As I ascended the stairs to the venue hosting the weekly "munch" - a gathering of people interested in kink - the butterflies in my gut were in full flight mode. I had no idea what to expect, as this was my first kink event. When I walked into the dimly lit space, I was surprised to find it completely empty. A dozen unoccupied chairs sat around a long table lit by white Christmas lights twined around metal rafters. I took the seat of honor at the head of the table, noting for future reference that apparently kinky people are never on time.
As the first one to arrive, I got to talk to almost everyone as they came in. I was relieved (and a little disappointed) to find that there was neither latex nor cat-o-nine-tails in sight - just average-looking people ready to meet me with a smile and a friendly greeting.
Stephen Hazelton, the munch's organizer, has been actively involved in the fetish scene here in Charlotte for decades. He helped to found the Carolina Area Power Exchange (CAPEX), a nonprofit dedicated to promoting "safe, sane and consensual" BDSM practices. The day after my first foray into fetish events, Hazelton helped me put my experience in context with the overall kink scene.
"The basic definition of a munch is an event that's held at a restaurant or someplace that sells food where people that identify as being kinky meet and have a meal and talk," Hazelton explains. "It's basically dinner with kinky people. It's not a demo or a class; it's just kinky people getting together."

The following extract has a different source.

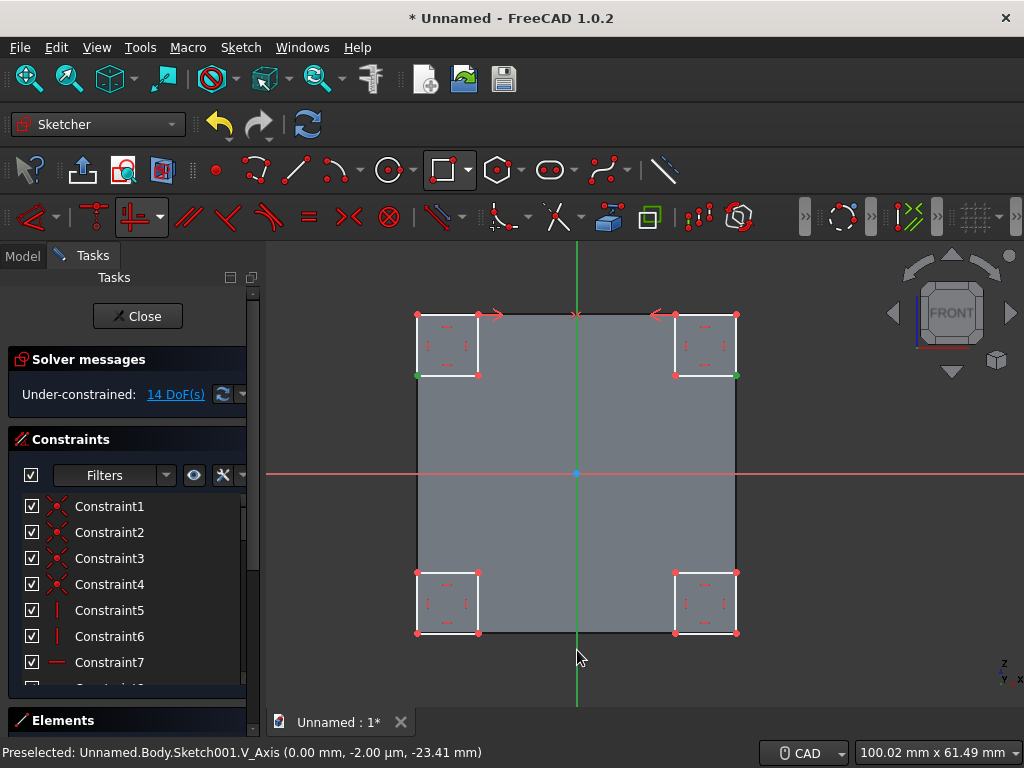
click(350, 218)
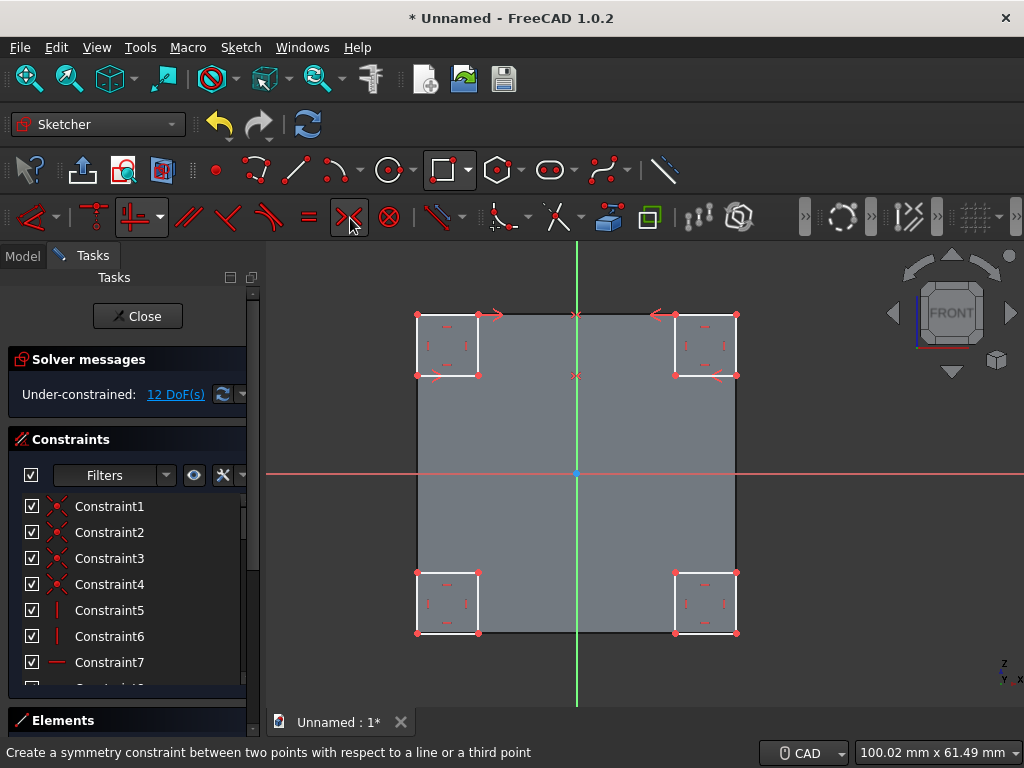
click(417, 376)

Munches, like the weekly one hosted every Thursday at Upstage in NoDa, are meant to be safe zones where kinksters can come together and enjoy companionship without judgment. It's a place where you meet interesting people and hear the most fascinating conversations - stuff like "one of my tops is a massage therapist" and "we sell chastity devices, if you're into torturing men with celibacy."

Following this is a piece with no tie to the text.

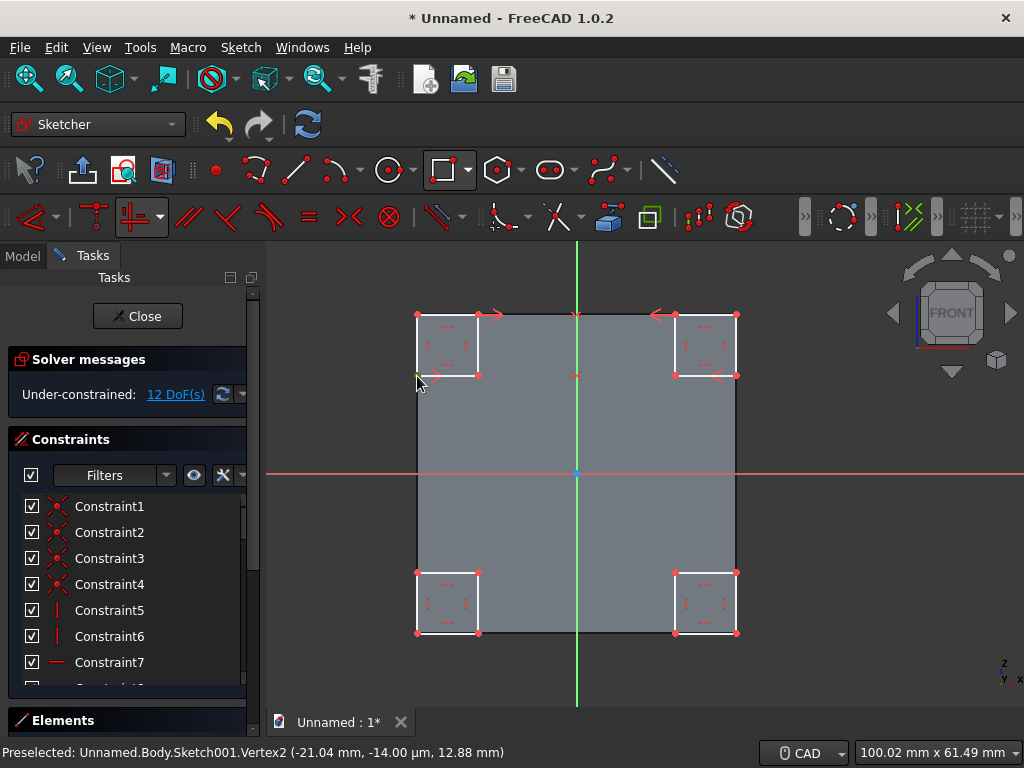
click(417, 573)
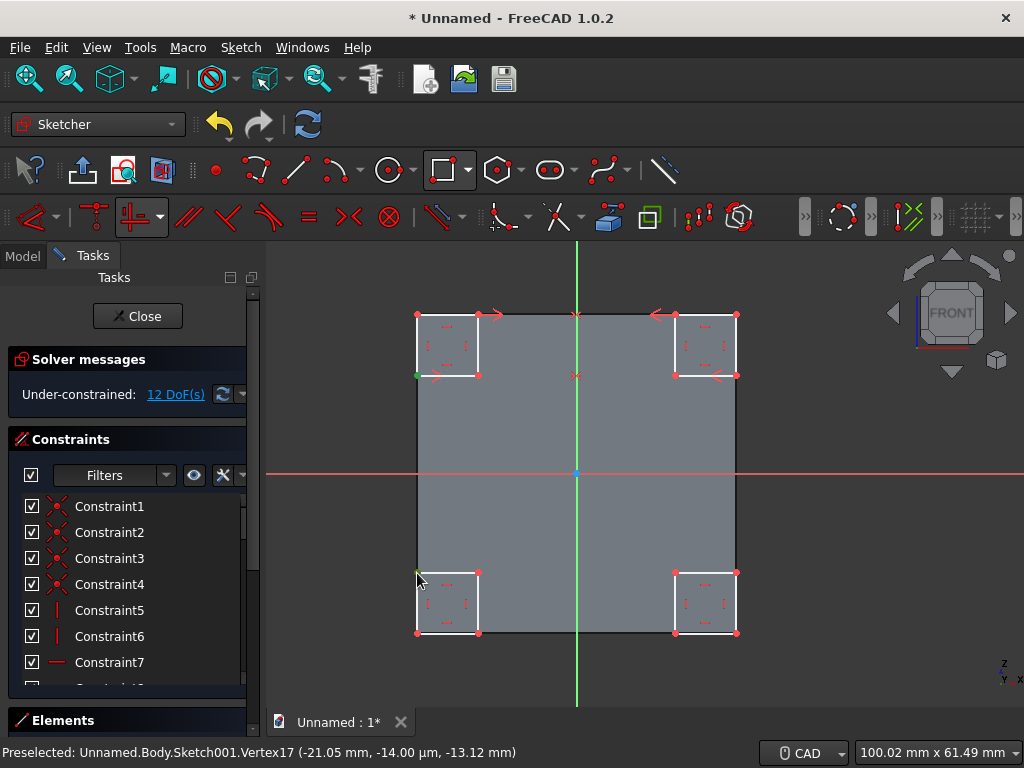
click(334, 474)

Munches aren't always about kink, as my recent experience revealed. For the most part, our conversations were completely average - foods we like, how cute our pets are - with the occasional joke about bending someone over your knee or the like. It was fun to be able to make those comments and allude publicly to private fantasies without getting "the look" from those around you. You know "the look" - the one where their eyes say, "What the hell, you freak" while the previously carefree conversation lapses into an awkward silence.
"We wanted to create a comfortable environment, particularly for women, because there are going to be a number of people that come in that are nervous about being there to begin with," Hazelton says, striking right at the heart of my own experience. "So it's important that you can meet people face to face that potentially have similar interests to you."
By the end of the munch, I hadn't gotten whipped, and no one wore leather. We were just people with something in common, getting together for a stress-free evening out. No one approached me with sexual propositions (even though I looked damn fine that night) and I even made some new friends. I later connected with some of the people I met that night on Fetlife.com, the social media site for kinky people.
"I think it's important that people who identify as kinky have a place to meet and talk to others in an environment that's not necessarily a sexually charged one," Hazelton says. "Especially for people who are new, just starting to explore, [munches are] about as low-pressure a social setting as it can be."